If you've ever cringed when your parents said "groovy," you'll know that spoken language can have a brief shelf life. But frequently used words can persist for generations, even millennia, and similar sounds and meanings often turn up in very different languages. The existence of these shared words, or cognates, has led some linguists to suggest that seemingly unrelated language families can be traced back to a common ancestor. Now, a new statistical approach suggests that peoples from Alaska to Europe may share a linguistic forebear dating as far back as the end of the Ice Age, about 15,000 years ago.
"Historical linguists study language evolution using cognates the way biologists use genes," explains Mark Pagel, an evolutionary theorist at the University of Reading in the United Kingdom. For example, although about 50% of French and English words derive from a common ancestor (like "mere" and "mother," for example), with English and German the rate is closer to 70%—indicating that while all three languages are related, English and German have a more recent common ancestor. In the same vein, while humans, chimpanzees, and gorillas have common genes, the fact that humans share almost 99% of their DNA with chimps suggests that these two primate lineages split apart more recently.
Because words don't have DNA, researchers use cognates found in different languages today to reconstruct the ancestral "protowords." Historical linguists have observed that over time, the sounds of words tend to change in regular patterns. For example, the p sound frequently changes to f, and the t sound to th—suggesting that the Latin word pater is, well, the father of the English word father.

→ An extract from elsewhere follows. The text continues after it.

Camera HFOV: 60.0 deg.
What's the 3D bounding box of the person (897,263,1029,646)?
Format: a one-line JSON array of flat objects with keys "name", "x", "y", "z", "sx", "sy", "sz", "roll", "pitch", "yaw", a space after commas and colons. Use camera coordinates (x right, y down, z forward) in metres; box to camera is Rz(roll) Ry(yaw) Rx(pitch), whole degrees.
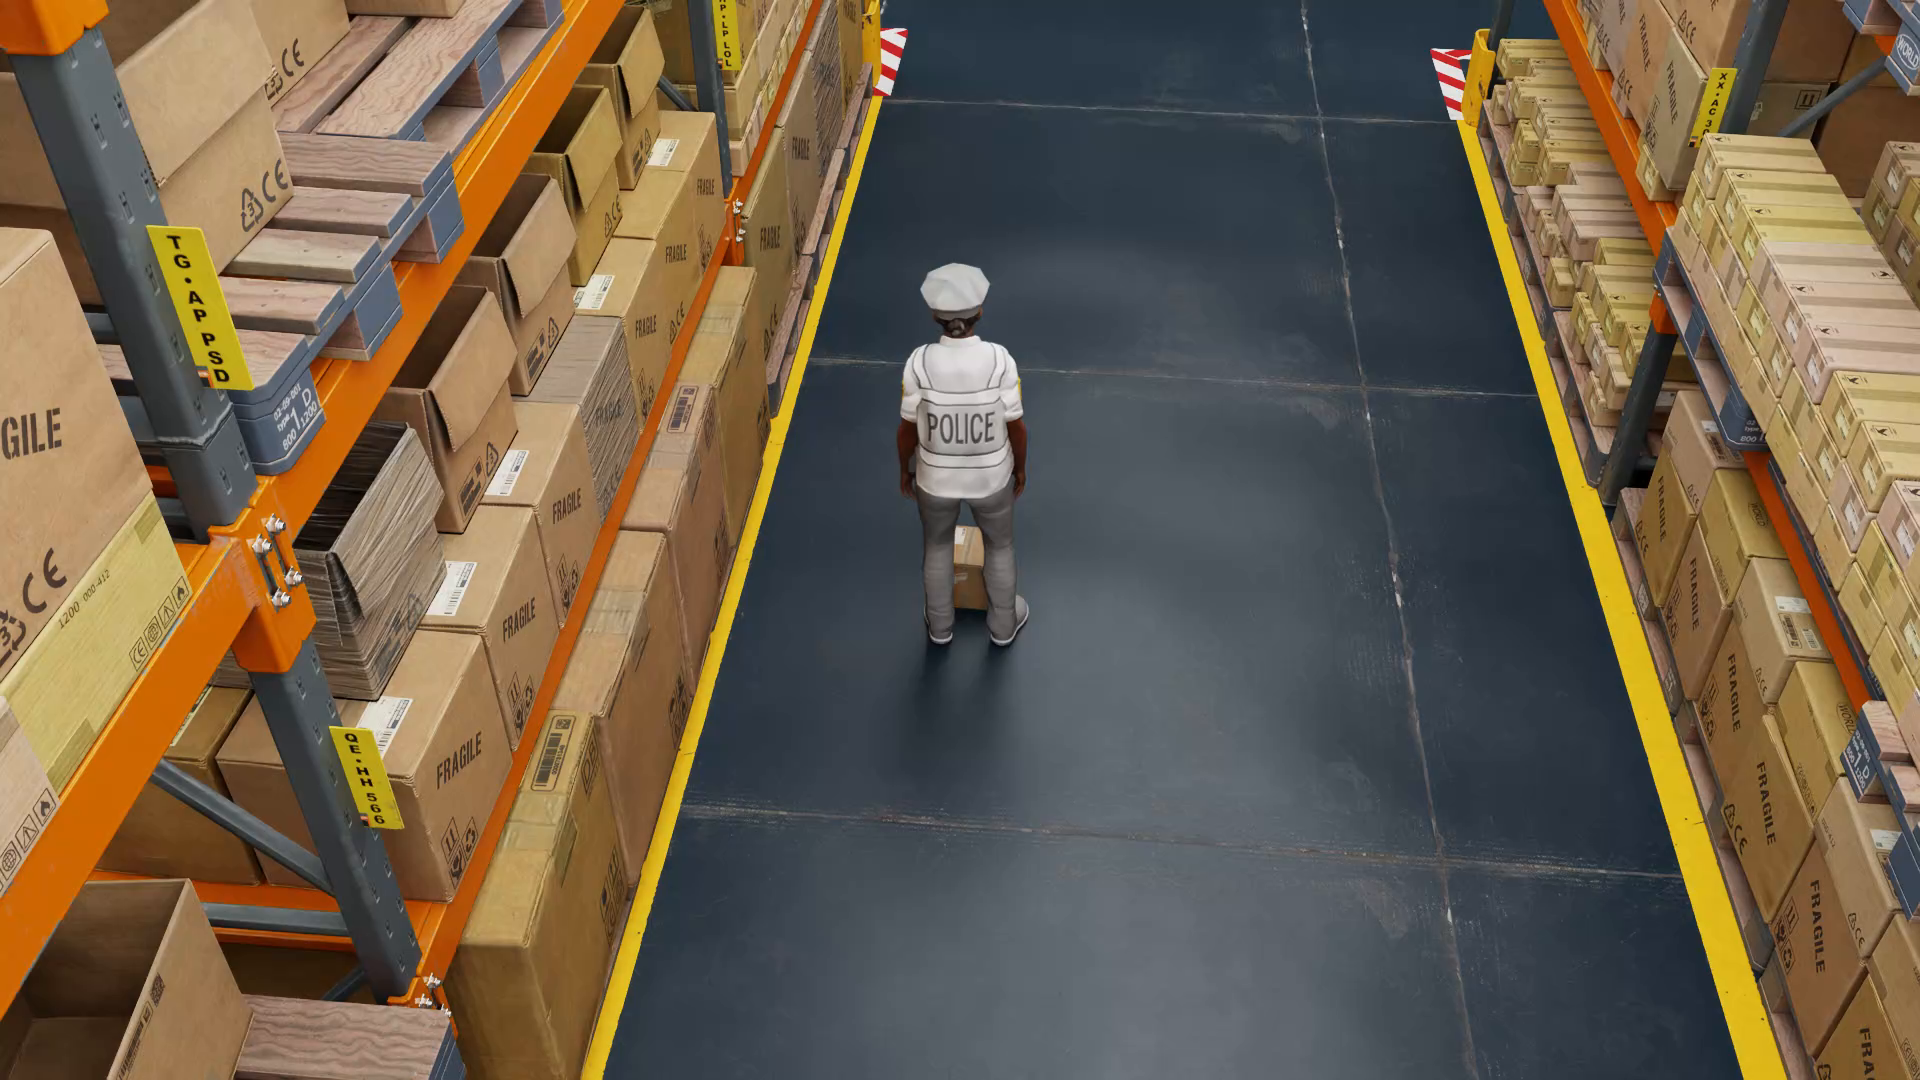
[{"name": "person", "x": 0.025, "y": -0.265, "z": 6.469, "sx": 0.530, "sy": 1.659, "sz": 0.398, "roll": 1, "pitch": 40, "yaw": 1}]

Linguists use these known rules to work backward in time, making a best guess at how the protoword sounded. They also track the rate at which words change. Using these phylogenetic principles, some researchers have dated many common words as far back as 9000 years ago. The ancestral language known as Proto-Indo-European, for example, gave rise to languages including Hindi, Russian, French, English, and Gaelic.
Some researchers, including Pagel, believe that the world's languages are united by even older superfamilies, but this view is hotly contested. Skeptics feel that even if language families were related, words suffer from too much erosion, both in terms of sound and meaning, to be reliably traced back further than 9000 or 10,000 year, and that the similarities of many cognates may be pure chance. What was missing, Pagel says, was an objective method of analysis.

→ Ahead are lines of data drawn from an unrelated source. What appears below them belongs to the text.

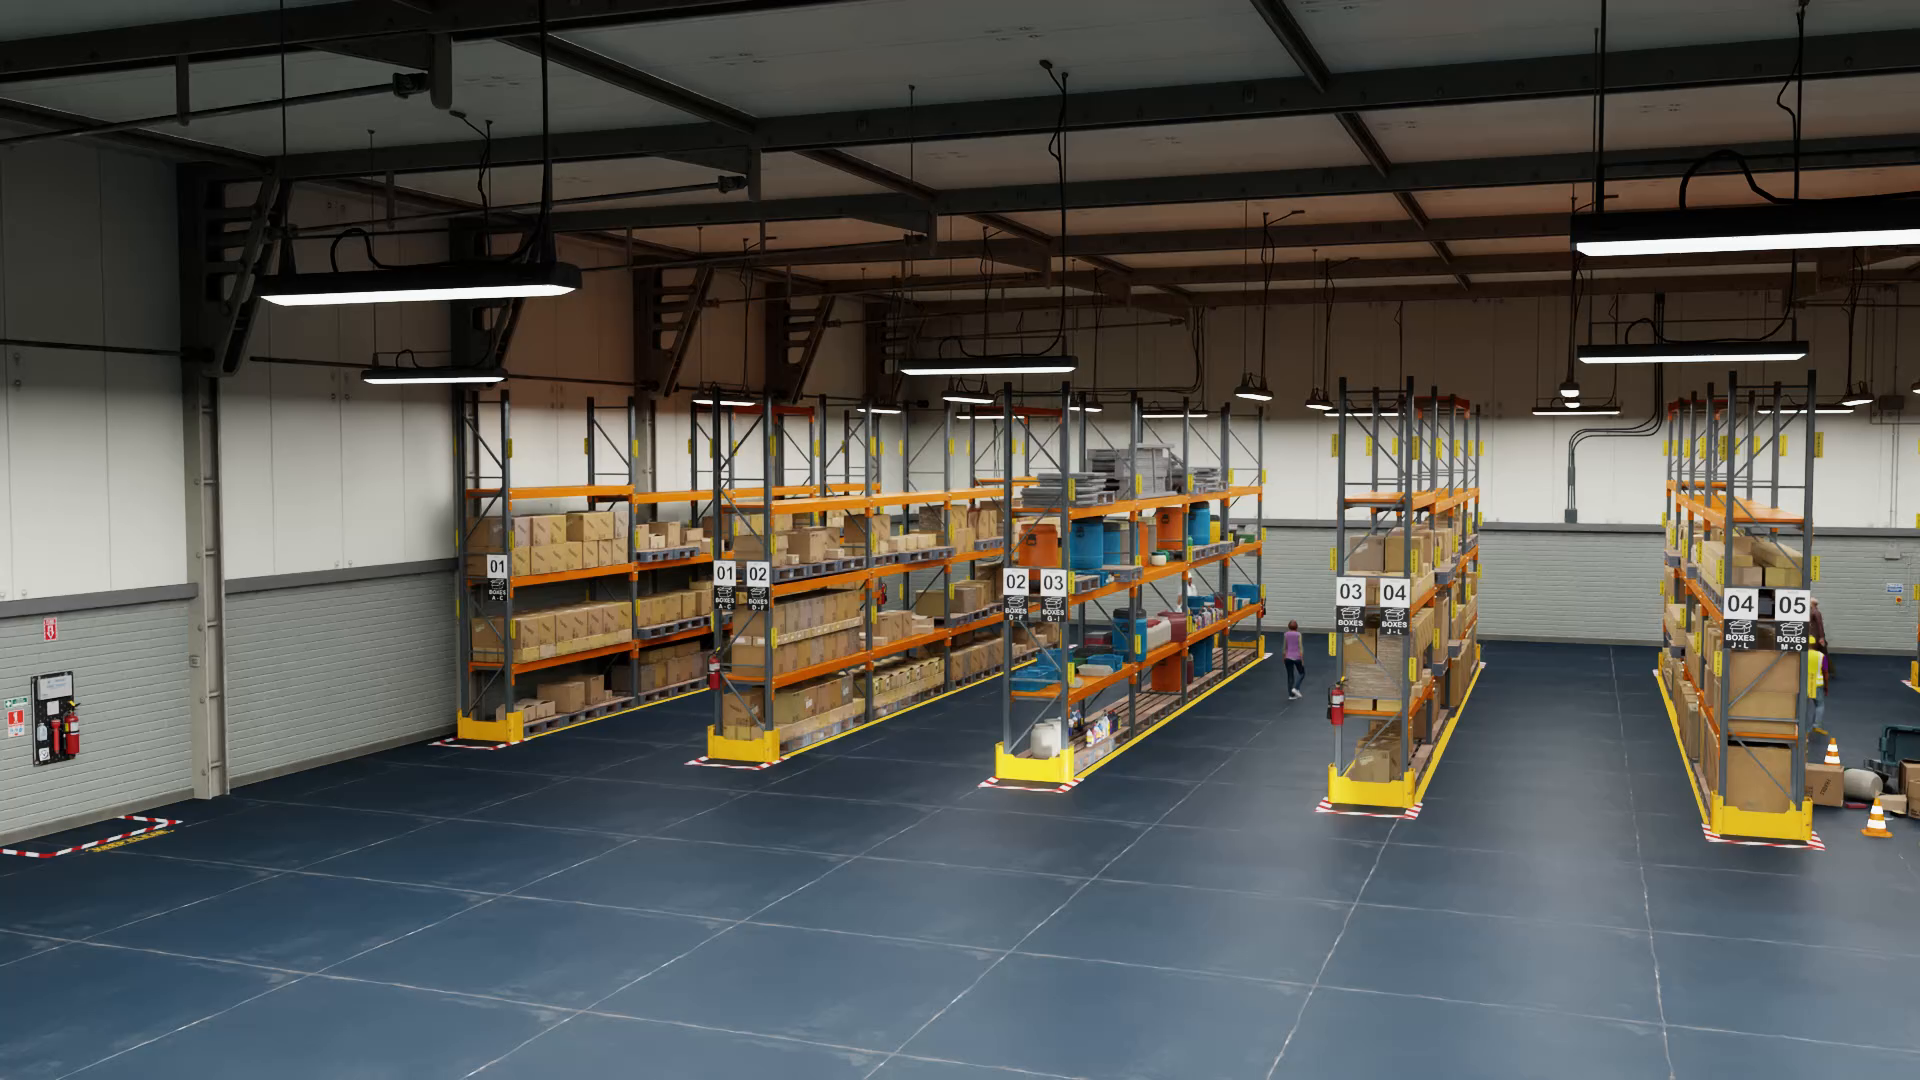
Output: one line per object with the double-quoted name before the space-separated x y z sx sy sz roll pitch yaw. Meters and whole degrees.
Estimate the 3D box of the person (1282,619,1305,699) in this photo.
"person" 6.612 2.391 33.081 0.438 1.583 0.441 2 4 26

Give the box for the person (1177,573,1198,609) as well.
"person" 6.030 1.733 43.302 0.579 1.743 0.991 -3 4 -41

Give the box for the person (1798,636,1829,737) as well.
"person" 14.762 2.536 28.883 0.594 1.765 0.548 1 3 20

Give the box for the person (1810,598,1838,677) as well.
"person" 18.585 2.117 36.269 1.068 1.717 0.578 2 4 36

Pagel and his co-workers took a first step by building a statistical model based on Indo-European cognates. Incorporating only the frequency of a word's use and its part of speech (noun, verb, numeral, etc.)—and ignoring its sound— the model could predict how long the word persisted through time. Reporting in Nature in 2007, they found that most words have about a 50% chance of being replaced by a completely different word every 2000 to 4000 years. Thus the Proto-Indo-European wata, winding its way through wasser in German, water in English, and voda in Russian, became eau in French. But some words, including I, you, here, how, not, and two, are replaced only once every 10,000 or even 20,000 years.
The new study, appearing today in the Proceedings of the National Academy of Sciences, makes an even bolder statement. The researchers broadened the hunt to cognates from seven major language families, including Indo-European, Eskimo, Altaic (comprising many Oriental languages), and Chukchi-Kamchatkan (a group of non-Russian languages around Siberia), which have been proposed to form an ancient superfamily dubbed Eurasiatic. Again, using only the word's frequency and part of speech, the model successfully predicted that a core group of about 23 very common words, used about once per 1000 words in everyday speech, not only persists within each language group, but also sounds similar to the corresponding words in other families. The word thou, for example, has similar sound and meaning among all seven language families. Cognates include te or tu in Indo-European languages,t`i in proto-Altaic, and turi in proto-Chukchi-Kamchatkan. The words not, that, we, who, andgive were cognates in five families, and nouns and verbs including mother, hand, fire, ashes, worm, hear, and pull, were shared by four. Going by the rate of change of these cognates, the model suggests that these words have remained in a similar form since about 14,500 years ago, thus supporting the existence of an ancient Eurasiatic language and its now far-flung descendants.
"The model hints at a group of people living somewhere in Southern Europe as the glaciers were receding, speaking a language that might resemble those spoken today," Pagel says. "It's astonishing that spoken language can be transmitted through millennia with enough fidelity to give us information about our early history."
Whether the findings will sway the skeptics is another question, according to William Croft, a linguist at the University of New Mexico, Albuquerque. The use of methods from evolutionary biology makes the Eurasiatic superfamily more plausible, says Croft, who is more sympathetic than many to the idea. "It probably won't convince most historical linguists to accept the Eurasiatic hypothesis, but their resistance may soften somewhat."